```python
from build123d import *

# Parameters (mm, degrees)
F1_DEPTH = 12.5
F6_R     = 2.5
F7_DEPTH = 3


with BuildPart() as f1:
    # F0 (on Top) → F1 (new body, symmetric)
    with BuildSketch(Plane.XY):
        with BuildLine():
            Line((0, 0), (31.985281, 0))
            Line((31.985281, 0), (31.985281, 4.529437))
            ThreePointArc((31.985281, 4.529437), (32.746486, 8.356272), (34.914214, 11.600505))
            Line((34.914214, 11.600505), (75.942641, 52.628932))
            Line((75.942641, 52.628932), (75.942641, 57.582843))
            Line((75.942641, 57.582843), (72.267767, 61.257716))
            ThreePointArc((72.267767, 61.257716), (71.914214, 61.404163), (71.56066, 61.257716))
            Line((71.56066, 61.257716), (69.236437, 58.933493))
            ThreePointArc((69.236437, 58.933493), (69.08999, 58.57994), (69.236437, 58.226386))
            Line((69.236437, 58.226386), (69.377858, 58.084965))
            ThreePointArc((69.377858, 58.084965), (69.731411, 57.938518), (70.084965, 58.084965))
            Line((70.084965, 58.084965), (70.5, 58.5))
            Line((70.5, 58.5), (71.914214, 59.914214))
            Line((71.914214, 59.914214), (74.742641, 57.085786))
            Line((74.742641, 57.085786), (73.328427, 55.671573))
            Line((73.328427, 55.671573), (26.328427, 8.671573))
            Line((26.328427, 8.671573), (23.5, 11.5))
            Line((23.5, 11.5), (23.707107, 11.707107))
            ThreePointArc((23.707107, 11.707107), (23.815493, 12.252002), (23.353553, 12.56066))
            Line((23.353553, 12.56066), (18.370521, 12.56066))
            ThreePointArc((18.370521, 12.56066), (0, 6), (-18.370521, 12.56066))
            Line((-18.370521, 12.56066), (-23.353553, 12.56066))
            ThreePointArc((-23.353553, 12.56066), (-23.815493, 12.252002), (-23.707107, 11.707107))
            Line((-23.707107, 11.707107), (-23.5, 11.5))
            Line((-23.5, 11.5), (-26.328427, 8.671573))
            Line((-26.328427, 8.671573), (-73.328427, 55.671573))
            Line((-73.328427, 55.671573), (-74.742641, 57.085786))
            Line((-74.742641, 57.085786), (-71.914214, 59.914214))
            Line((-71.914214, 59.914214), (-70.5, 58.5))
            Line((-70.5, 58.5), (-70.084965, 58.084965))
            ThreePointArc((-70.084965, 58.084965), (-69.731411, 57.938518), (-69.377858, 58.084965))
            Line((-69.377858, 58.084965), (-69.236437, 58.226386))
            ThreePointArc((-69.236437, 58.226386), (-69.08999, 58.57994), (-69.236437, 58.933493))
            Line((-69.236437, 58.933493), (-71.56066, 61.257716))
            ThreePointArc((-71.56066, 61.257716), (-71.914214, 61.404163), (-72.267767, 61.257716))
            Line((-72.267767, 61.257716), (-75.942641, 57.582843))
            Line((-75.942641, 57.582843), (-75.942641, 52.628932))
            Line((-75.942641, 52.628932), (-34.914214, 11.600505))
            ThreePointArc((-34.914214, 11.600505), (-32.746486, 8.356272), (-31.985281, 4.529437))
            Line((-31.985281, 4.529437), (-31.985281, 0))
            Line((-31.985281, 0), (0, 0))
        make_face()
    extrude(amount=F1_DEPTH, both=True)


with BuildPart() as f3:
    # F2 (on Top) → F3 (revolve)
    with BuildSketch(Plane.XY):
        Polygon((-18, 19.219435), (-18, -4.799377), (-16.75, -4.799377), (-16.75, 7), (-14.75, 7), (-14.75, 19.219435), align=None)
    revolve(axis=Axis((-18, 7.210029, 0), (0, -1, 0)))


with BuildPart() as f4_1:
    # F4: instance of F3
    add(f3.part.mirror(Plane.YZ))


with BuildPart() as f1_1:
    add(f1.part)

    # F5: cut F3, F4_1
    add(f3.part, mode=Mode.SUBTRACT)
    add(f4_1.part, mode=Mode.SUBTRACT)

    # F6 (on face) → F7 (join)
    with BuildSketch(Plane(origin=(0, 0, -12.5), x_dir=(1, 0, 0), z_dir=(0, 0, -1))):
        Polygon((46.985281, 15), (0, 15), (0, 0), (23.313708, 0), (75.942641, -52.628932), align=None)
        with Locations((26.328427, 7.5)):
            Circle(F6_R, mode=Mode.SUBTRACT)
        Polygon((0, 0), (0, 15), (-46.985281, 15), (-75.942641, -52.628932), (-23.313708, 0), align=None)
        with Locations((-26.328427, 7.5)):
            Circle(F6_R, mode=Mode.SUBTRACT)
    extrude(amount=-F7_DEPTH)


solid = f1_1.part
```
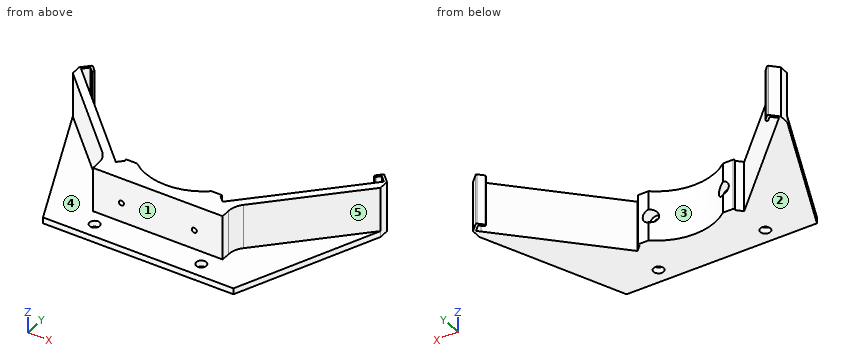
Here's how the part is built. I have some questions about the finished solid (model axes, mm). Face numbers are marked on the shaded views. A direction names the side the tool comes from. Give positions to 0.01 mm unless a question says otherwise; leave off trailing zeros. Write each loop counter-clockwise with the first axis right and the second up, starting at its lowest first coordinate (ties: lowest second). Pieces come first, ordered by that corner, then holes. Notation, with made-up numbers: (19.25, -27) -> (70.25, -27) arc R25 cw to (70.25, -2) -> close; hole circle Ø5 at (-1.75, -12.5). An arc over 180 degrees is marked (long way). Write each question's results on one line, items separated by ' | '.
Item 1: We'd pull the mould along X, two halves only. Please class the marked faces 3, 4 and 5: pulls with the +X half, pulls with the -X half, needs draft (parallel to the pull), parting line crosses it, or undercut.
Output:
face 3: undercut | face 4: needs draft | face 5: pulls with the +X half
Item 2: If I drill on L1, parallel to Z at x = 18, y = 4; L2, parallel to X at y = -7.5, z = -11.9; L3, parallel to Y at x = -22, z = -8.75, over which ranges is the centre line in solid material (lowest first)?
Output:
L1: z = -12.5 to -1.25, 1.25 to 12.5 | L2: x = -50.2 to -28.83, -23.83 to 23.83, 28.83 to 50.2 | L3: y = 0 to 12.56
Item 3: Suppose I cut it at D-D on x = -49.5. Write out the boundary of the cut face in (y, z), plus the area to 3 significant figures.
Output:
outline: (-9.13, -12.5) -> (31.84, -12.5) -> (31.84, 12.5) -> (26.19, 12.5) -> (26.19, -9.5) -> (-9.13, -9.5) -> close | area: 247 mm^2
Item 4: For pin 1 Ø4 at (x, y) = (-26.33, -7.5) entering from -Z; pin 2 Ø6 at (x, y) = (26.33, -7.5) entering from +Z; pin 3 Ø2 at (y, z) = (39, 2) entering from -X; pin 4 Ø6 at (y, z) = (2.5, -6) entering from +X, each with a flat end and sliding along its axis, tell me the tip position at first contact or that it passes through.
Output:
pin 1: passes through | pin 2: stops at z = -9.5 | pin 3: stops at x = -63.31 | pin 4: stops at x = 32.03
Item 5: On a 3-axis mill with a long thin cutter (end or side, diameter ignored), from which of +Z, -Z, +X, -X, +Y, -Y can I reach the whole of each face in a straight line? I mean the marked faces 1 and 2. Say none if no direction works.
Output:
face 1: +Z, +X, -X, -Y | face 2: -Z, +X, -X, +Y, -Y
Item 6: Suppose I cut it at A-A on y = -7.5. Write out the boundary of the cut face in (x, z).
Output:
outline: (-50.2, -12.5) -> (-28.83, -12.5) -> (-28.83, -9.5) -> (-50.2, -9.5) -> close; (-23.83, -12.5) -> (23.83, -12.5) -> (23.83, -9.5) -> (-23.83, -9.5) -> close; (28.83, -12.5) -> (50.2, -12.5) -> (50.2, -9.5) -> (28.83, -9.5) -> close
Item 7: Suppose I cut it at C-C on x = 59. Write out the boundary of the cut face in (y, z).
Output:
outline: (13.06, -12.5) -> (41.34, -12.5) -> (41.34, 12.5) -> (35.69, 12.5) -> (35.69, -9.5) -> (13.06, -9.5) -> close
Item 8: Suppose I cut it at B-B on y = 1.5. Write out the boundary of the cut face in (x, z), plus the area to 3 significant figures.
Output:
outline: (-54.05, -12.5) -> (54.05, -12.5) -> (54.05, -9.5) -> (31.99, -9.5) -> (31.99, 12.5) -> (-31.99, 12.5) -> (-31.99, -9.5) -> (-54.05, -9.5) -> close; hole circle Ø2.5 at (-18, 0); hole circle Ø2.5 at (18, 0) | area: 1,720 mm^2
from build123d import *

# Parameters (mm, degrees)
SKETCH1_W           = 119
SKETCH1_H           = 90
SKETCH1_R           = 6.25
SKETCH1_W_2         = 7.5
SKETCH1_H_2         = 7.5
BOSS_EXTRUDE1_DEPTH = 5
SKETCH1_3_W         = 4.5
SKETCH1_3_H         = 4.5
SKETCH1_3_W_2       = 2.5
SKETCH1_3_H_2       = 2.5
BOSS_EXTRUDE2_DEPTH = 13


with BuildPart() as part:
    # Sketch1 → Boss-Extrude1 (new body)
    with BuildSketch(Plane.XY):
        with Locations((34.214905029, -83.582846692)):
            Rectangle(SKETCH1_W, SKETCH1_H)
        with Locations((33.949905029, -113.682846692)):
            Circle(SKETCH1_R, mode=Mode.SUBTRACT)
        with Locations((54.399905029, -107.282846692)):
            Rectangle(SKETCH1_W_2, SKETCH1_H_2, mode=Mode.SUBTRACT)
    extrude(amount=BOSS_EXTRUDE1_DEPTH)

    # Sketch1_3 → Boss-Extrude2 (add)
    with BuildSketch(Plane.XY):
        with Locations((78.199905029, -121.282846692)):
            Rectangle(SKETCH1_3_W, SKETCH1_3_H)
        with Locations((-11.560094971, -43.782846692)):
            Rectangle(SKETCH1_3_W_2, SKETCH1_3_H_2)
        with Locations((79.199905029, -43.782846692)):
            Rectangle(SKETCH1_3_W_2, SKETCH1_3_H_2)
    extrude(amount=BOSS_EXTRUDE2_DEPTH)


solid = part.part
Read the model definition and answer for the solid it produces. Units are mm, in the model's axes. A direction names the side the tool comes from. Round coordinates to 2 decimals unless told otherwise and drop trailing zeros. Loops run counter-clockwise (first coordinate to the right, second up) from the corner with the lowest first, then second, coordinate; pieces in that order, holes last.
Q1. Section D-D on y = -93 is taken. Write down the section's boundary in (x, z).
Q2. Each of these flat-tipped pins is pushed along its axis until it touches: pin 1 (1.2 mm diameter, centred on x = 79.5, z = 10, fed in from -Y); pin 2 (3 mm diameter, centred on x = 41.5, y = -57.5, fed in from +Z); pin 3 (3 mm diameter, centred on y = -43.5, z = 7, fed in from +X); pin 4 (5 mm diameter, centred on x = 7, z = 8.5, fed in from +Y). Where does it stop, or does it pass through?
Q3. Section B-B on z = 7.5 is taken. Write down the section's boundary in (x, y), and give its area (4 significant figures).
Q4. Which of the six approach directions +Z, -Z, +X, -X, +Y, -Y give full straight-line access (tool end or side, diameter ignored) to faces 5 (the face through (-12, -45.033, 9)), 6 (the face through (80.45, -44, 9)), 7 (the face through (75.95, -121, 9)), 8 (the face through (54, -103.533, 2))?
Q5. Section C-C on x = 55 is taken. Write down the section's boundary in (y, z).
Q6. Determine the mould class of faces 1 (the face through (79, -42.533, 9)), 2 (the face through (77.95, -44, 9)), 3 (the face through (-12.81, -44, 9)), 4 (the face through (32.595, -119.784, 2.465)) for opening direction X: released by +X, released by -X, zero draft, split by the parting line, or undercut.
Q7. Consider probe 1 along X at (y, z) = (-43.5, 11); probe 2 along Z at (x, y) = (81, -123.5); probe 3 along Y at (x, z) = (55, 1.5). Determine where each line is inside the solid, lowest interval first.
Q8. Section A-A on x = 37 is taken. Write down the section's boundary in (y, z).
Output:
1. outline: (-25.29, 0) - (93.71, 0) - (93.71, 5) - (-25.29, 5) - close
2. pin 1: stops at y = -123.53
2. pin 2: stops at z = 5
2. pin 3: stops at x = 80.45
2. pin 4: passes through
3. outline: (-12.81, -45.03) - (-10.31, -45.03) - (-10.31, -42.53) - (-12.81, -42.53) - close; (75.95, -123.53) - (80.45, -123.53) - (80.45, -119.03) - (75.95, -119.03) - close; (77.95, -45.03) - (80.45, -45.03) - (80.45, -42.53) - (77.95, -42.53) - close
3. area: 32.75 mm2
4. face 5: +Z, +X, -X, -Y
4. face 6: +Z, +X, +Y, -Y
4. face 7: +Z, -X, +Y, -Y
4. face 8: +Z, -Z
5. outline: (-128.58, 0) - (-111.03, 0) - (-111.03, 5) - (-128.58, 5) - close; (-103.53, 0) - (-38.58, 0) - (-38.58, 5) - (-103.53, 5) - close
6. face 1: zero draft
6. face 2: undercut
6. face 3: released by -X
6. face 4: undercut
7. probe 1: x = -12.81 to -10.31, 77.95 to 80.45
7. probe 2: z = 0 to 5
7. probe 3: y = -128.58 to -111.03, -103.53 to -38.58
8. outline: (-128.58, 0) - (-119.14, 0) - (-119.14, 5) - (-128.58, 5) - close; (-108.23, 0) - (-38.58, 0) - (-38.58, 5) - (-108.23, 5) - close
· · ·
Where a line of the data includes the string "revolve", list that line.

● **ANSWER AREA**:
    # F2 (on Top) → F3 (revolve)
    revolve(axis=Axis((-18, 7.210029, 0), (0, -1, 0)))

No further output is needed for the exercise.